Tacho is a culinary mosaic, combining diverse Chinese and Western ingredients. Sou emphasizes the individuality of each family’s tacho, with variations reflecting treasured, handed-down recipes. Common components include stewed chicken, pig’s trotters, cured duck legs, sausages, fried pig skin, and cabbage.
“In our family’s tacho, we skip the mushrooms and used to include beef, but I’ve omitted it now,” Sou says.
Originally a winter delicacy, Sou sometimes caters to demand by preparing the dish for guests during the summer. “Whether consumed by locals or tourists, this dish exudes a sense of home,” adds Sou.
Sou believes that another feature of the cuisine is the meticulous chopping of ingredients. This practice originated for two main reasons: first, in Portuguese households, often large and communal, finely chopped food facilitates easy sharing among family members. Second, chopping ingredients into small pieces increases the quantity, offering a practical way to manage household expenses.
“Although dishes in our cuisine cook quickly, the preparation demands a significant amount of time, especially when it comes to finely chopping various ingredients,” Sou explains.
Minchi is another classic dish, with the name derived from the English word mince. There are various cooking methods for minchi, using meat that can be pork, beef or a mix of both, sometimes turkey or shrimp, alongside pickled vegetables, fried potato cubes, Portuguese cured sausages, among other ingredients.
Minchi rice is one of Sou’s specialties. She stir-fries minced pork with diced potatoes, serving it with a perfectly fried sunny-side-up egg.
Sou believes that the current momentum of traditional cuisine is promising, thanks to the support from the local government. She is also enthusiastic about teaching young individuals how to cook all the dishes in her repertoire.
When discussing Macao food, Bacalhau, deserves a special mention. It’s crafted from salted and preserved cod, while boasts versatility — suitable for grilling, roasting, braising and even raw consumption. It was served as a convenient preserved food in previous generations. Found on the menus of numerous restaurants across Macao, it is always a popular choice, especially in the form of Bacalhau Croquettes, in which cod and mashed potatoes are shaped into balls and deep-fried.
At the Coast restaurant in Macao, Bacalhau Croquettes shine as one of the best-selling dishes. Chef Jefferson Lim has added innovative touches while preserving the traditional essence of the dish.
While the traditional Bacalhau Croquettes are typically savored on their own, Lim, recognizing the local preference for sauces accompanying fried foods, has thoughtfully paired them with two homemade sauces: a custom egg yolk sauce and malt vinegar.

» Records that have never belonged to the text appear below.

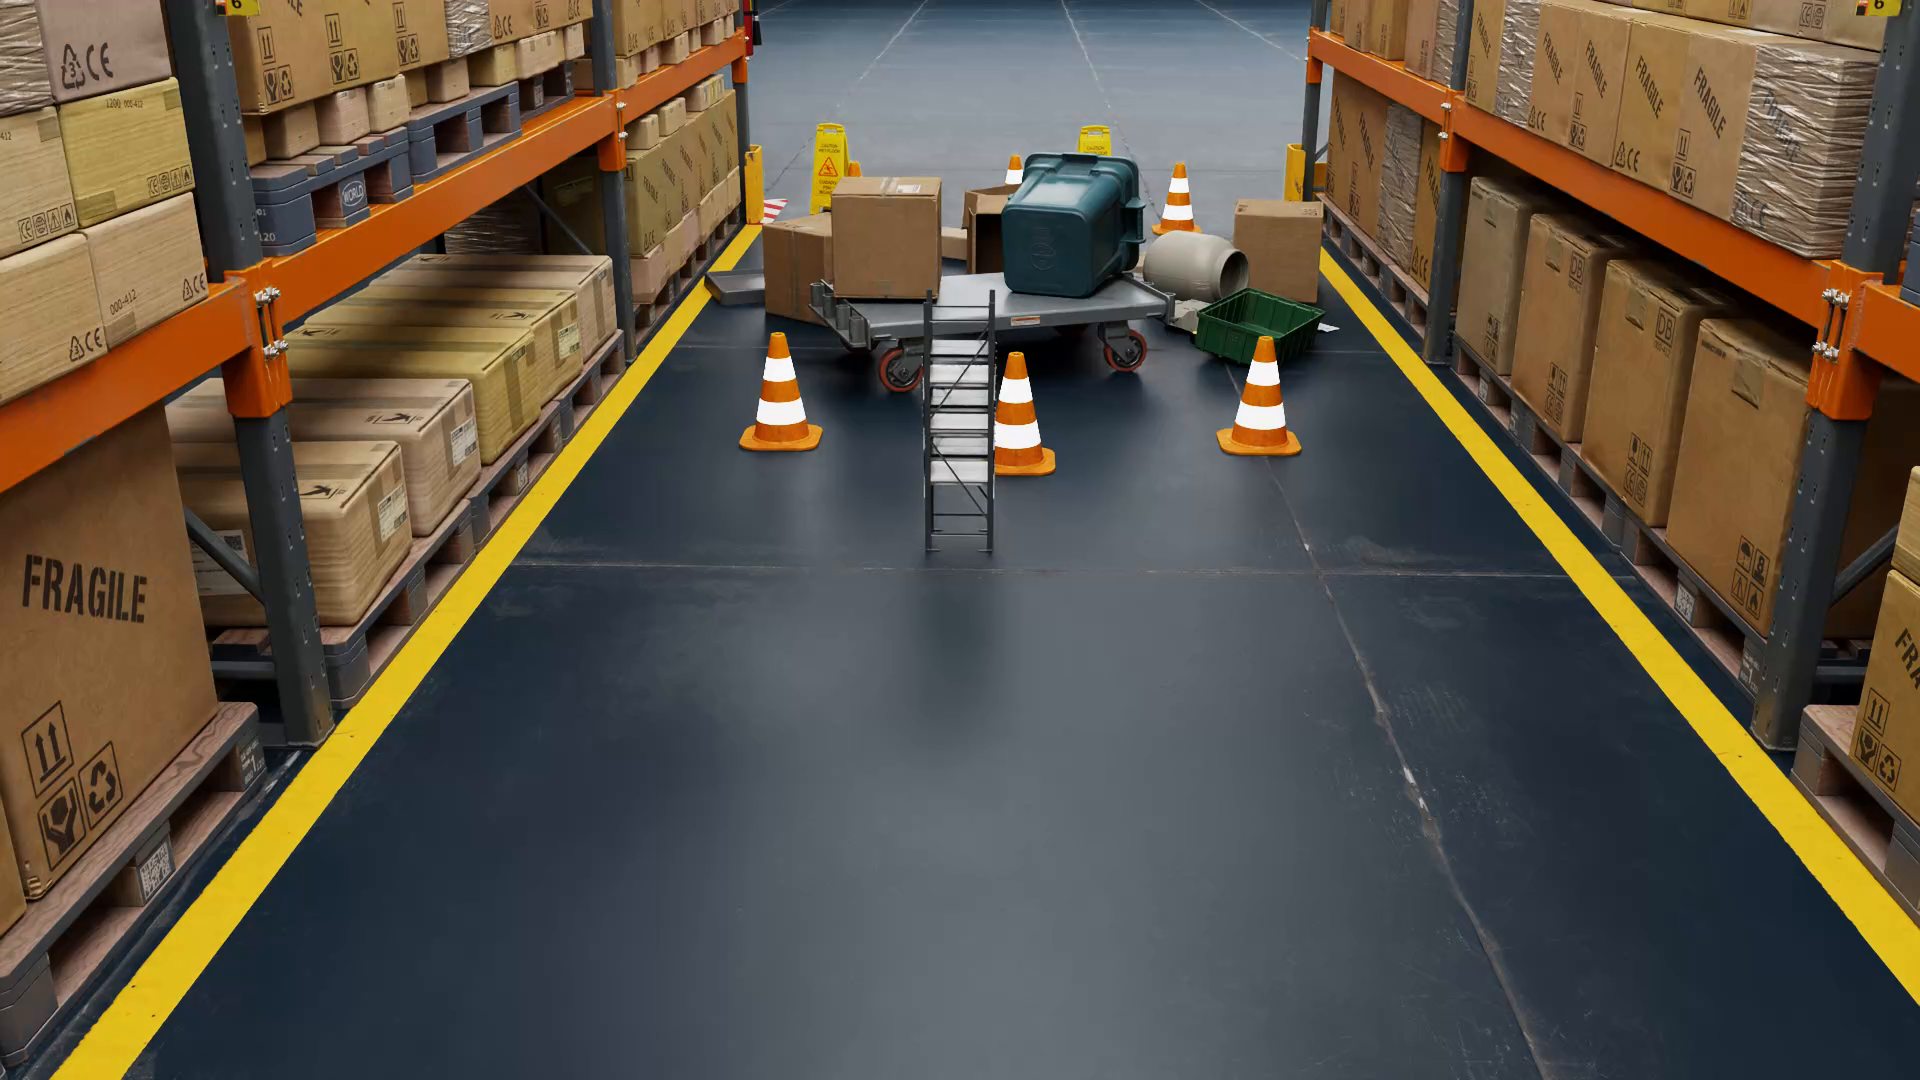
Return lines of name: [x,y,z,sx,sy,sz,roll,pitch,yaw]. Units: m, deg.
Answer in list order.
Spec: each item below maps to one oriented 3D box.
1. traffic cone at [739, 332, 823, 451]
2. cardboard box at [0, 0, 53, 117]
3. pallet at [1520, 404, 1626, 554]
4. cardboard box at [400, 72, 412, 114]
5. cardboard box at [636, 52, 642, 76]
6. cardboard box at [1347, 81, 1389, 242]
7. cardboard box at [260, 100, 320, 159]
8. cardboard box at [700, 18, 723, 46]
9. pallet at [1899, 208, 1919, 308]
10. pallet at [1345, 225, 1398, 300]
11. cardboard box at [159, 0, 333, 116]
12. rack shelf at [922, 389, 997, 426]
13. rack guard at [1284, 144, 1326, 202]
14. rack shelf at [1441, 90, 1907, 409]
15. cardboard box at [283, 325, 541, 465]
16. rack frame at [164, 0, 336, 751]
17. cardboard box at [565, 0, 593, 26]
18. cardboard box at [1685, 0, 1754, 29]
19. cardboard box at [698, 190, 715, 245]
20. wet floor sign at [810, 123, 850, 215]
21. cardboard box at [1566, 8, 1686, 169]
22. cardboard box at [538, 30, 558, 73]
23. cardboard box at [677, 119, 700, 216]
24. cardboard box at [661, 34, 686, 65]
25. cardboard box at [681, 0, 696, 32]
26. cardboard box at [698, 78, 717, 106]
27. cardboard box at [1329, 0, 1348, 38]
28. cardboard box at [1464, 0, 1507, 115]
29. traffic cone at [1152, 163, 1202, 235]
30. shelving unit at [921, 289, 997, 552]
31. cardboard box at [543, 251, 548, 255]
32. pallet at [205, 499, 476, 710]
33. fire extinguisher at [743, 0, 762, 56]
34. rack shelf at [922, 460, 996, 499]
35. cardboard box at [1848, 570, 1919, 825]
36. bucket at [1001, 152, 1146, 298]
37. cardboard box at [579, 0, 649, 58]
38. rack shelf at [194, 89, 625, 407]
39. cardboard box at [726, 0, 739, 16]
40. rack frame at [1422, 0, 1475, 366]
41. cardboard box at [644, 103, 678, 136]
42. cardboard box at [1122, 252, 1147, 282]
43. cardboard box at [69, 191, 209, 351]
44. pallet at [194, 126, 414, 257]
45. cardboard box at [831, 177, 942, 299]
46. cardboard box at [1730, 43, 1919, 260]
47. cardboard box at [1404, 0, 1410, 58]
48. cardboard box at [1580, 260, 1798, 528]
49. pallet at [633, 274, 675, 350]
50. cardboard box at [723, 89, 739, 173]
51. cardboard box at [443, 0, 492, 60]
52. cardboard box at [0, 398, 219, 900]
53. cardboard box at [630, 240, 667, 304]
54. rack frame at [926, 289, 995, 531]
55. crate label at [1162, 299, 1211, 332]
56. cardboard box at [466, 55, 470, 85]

The sweet, but not overpowering, malt vinegar sauce complements the crispy Bacalhau balls, resulting in a harmonious collision of flavors that achieves a perfectly balanced taste. Lim also adheres to the traditional oval shape of Bacalhau, ensuring guests can conveniently dip the delicacy into the sauces.
For another signature dish, African chicken, by Portuguese chef Joao Casimiro at Rossio restaurant, is a mouthwatering prospect.
Usually, the chicken is roasted with a layer of thick sauce on top, yet Casimiro serves a different smooth sauce beneath it to make it even more flavorful.
Casimiro boasts an impressive 16-year career in the culinary field. After gaining experience in Portugal and subsequently relocating to Milan, he has dedicated the last five years of his culinary journey to Macao.
Since his arrival in Macao, the 38-year-old chef has actively immersed himself in the world of its cuisine. “The cuisine here is a full fusion of cultures that developed throughout the years and mainly in people’s homes, in families, not in restaurants like here,” he says, adding that each family had their own recipes and some have, regrettably, been lost to time.
“I think that the younger generations should research their family recipes and create a database,” he says.